Mozambique: More than 200 classrooms destroyed in Nampula province - by fires, strong winds | report
Augusta Maita (File photo)
Terrorist attacks in the northern Mozambican province of Cabo Delgado have not led to the suspension of humanitarian assistance to the victims of cyclone Kenneth, which hit the province on 25 April, according to Augusta
Maita, the general director of the country’s relief agency, the National Disaster Management Institute (INGC).
Interviewed by Radio Mozambique on Sunday, Maita said that assistance is continuing to be delivered to victims in all affected districts.
She admitted that there had been “some agitation”, about 15 kilometres from the town of Macomia, but the insurgents had met with a prompt response from the defence and security forces.
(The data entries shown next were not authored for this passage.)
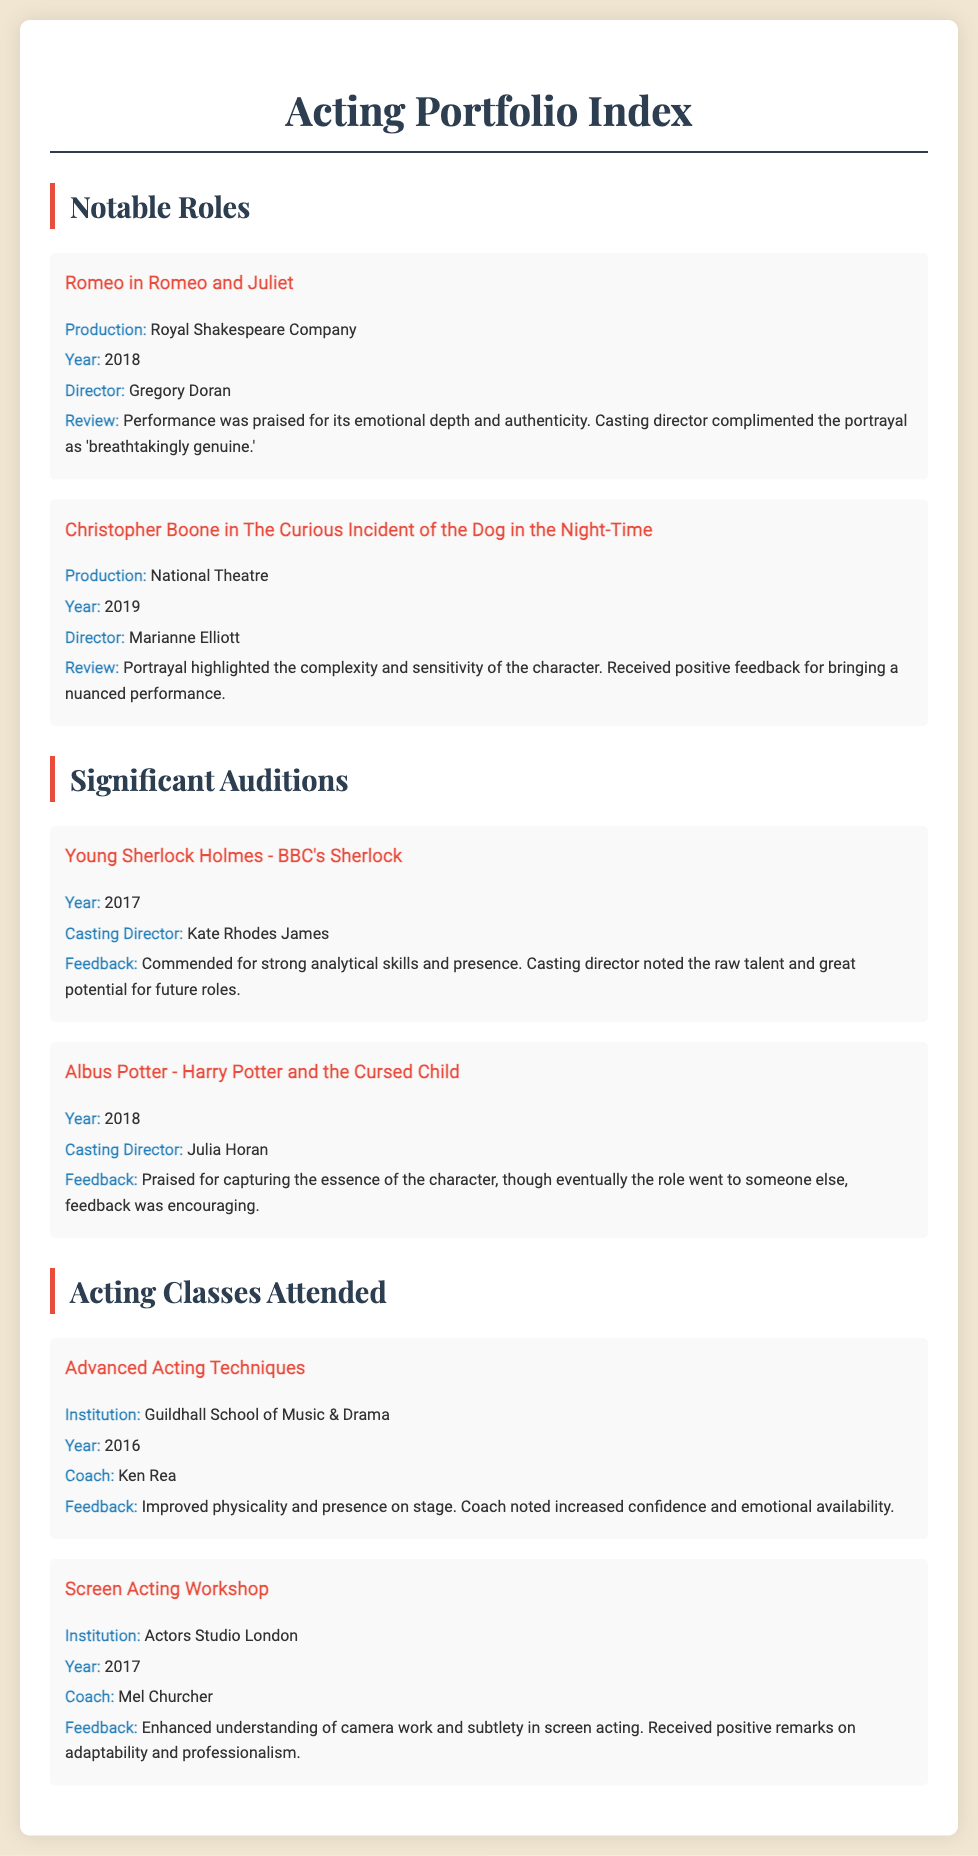What role did you play in 2018? The document lists the notable roles the actor played, including "Romeo in Romeo and Juliet" in 2018.
Answer: Romeo in Romeo and Juliet Who directed "The Curious Incident of the Dog in the Night-Time"? The document provides information about the productions, including the director of "The Curious Incident of the Dog in the Night-Time," which was Marianne Elliott.
Answer: Marianne Elliott What year was the audition for Young Sherlock Holmes? The audition years are listed, with Young Sherlock Holmes auditioned in 2017.
Answer: 2017 Which institution hosted the Advanced Acting Techniques class? The document specifies institutions for acting classes, stating that the Advanced Acting Techniques class was at the Guildhall School of Music & Drama.
Answer: Guildhall School of Music & Drama What feedback was given for the audition of Albus Potter? The document contains feedback on auditions, which for Albus Potter included praise for capturing the essence of the character.
Answer: Praised for capturing the essence of the character What notable production did you perform in under director Gregory Doran? The document features notable roles and specifies that director Gregory Doran directed "Romeo and Juliet."
Answer: Romeo and Juliet How many significant auditions are mentioned in the document? The document lists significant auditions, where two auditions are explicitly mentioned.
Answer: Two What class did the actor take in 2017? The document lists acting classes, one of which was the "Screen Acting Workshop" in 2017.
Answer: Screen Acting Workshop What was improved in the Advanced Acting Techniques class according to feedback? The feedback section of the document mentions improvements in physicality and presence on stage from the class.
Answer: Physicality and presence on stage 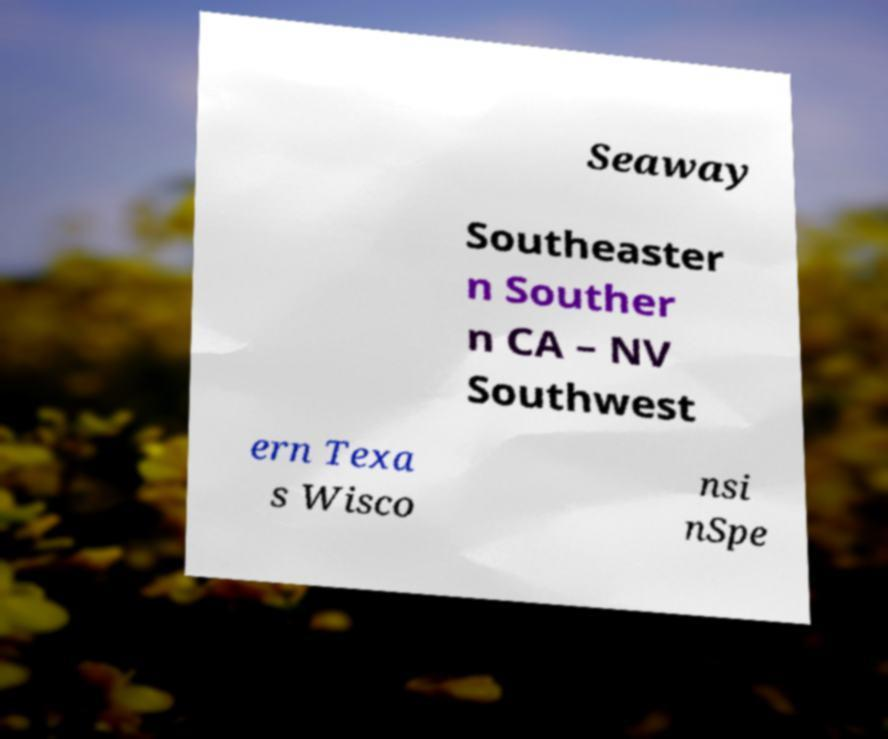Can you read and provide the text displayed in the image?This photo seems to have some interesting text. Can you extract and type it out for me? Seaway Southeaster n Souther n CA – NV Southwest ern Texa s Wisco nsi nSpe 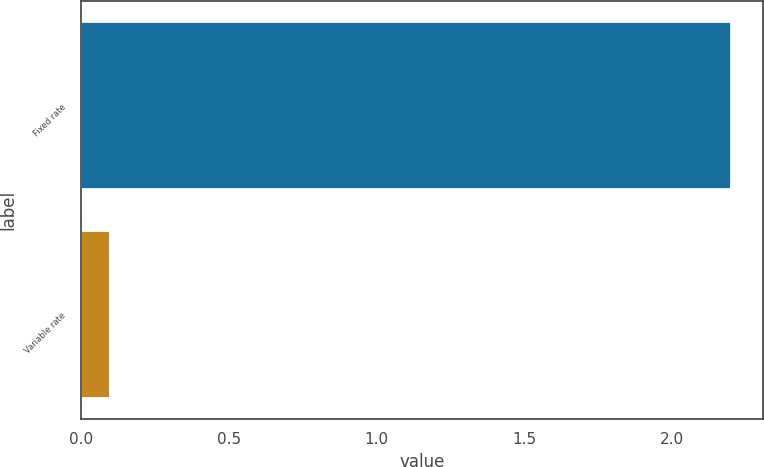<chart> <loc_0><loc_0><loc_500><loc_500><bar_chart><fcel>Fixed rate<fcel>Variable rate<nl><fcel>2.2<fcel>0.1<nl></chart> 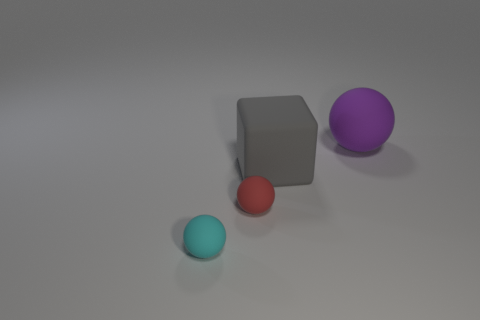Subtract all brown spheres. Subtract all blue cubes. How many spheres are left? 3 Add 4 big brown rubber cylinders. How many objects exist? 8 Subtract all cubes. How many objects are left? 3 Subtract 0 red cubes. How many objects are left? 4 Subtract all cyan metallic things. Subtract all gray matte objects. How many objects are left? 3 Add 1 matte spheres. How many matte spheres are left? 4 Add 3 large purple balls. How many large purple balls exist? 4 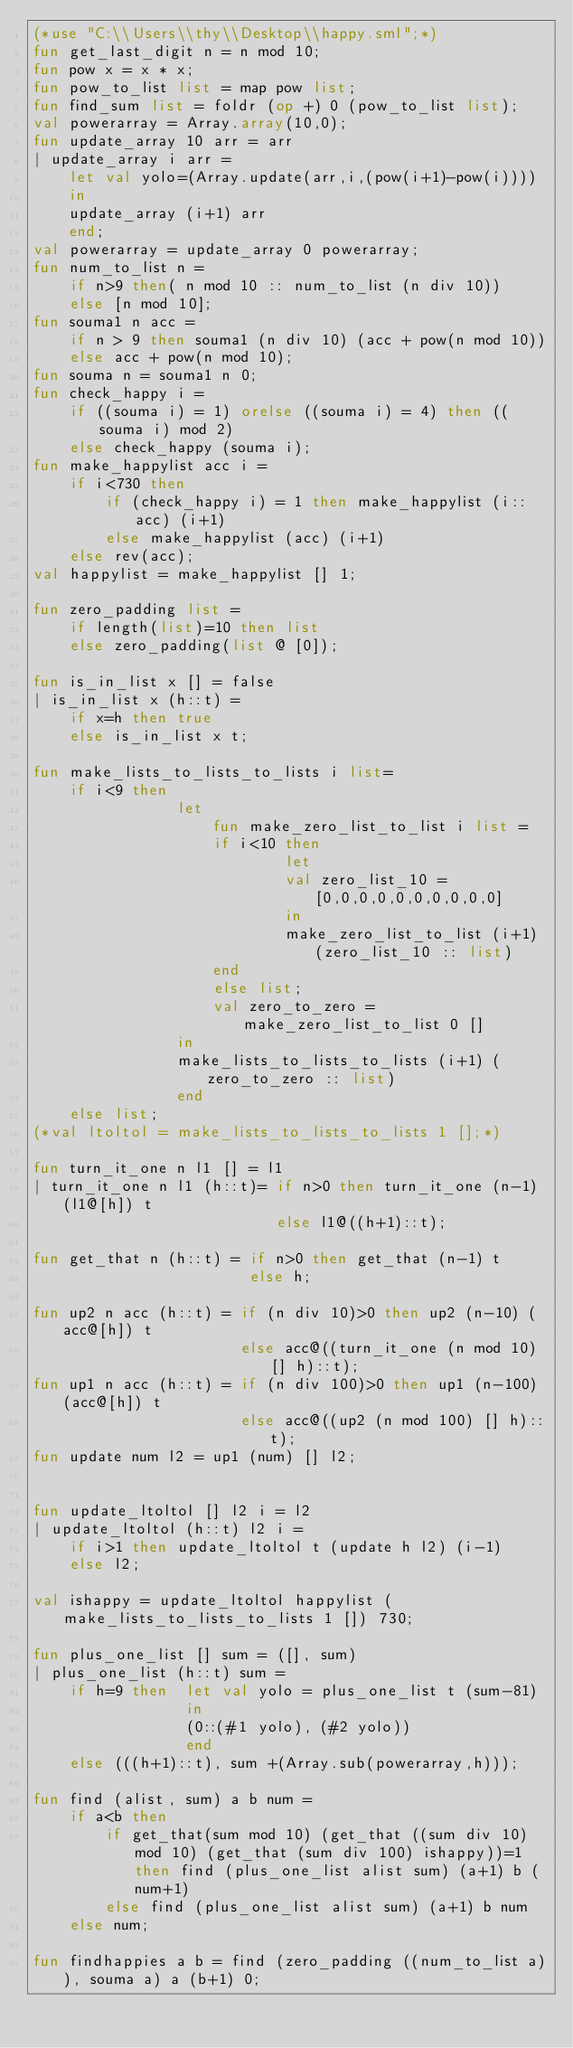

She was probably referring to the attack on the village of Nacate on Friday. According to a report in the “Mozambique Political Process Bulletin” (published by the anti-corruption NGO, the Centre for Public Integrity, CIP), the insurgents vandalised a voter registration post, but the members of the registration brigade fled the scene and were unharmed.
There appear to have been several attacks on Macomia villages on Friday, in which at least six people were killed.
Parts of Cabo Delgado remain inaccessible, not because of terrorist attacks, but because the flooding that followed the cyclone has cut them off from the rest of the province. Thus, according to Radio Mozambique, four communities in Mecufi district – Napluimite, Namarapale, Mude and 3rd February – are still cut off from the district capital, Mecufi town.
Meanwhile, the number of confirmed cases of cholera in Cabo Delgado has risen to 64. Of these, 57 were diagnosed in the provincial capital, Pemba, and seven in Mecufi. None of the patients has died, and, as of Sunday night, only 12 remained hospitalised, according to Anastacia Lidumu, of the Cabo Delgado health department.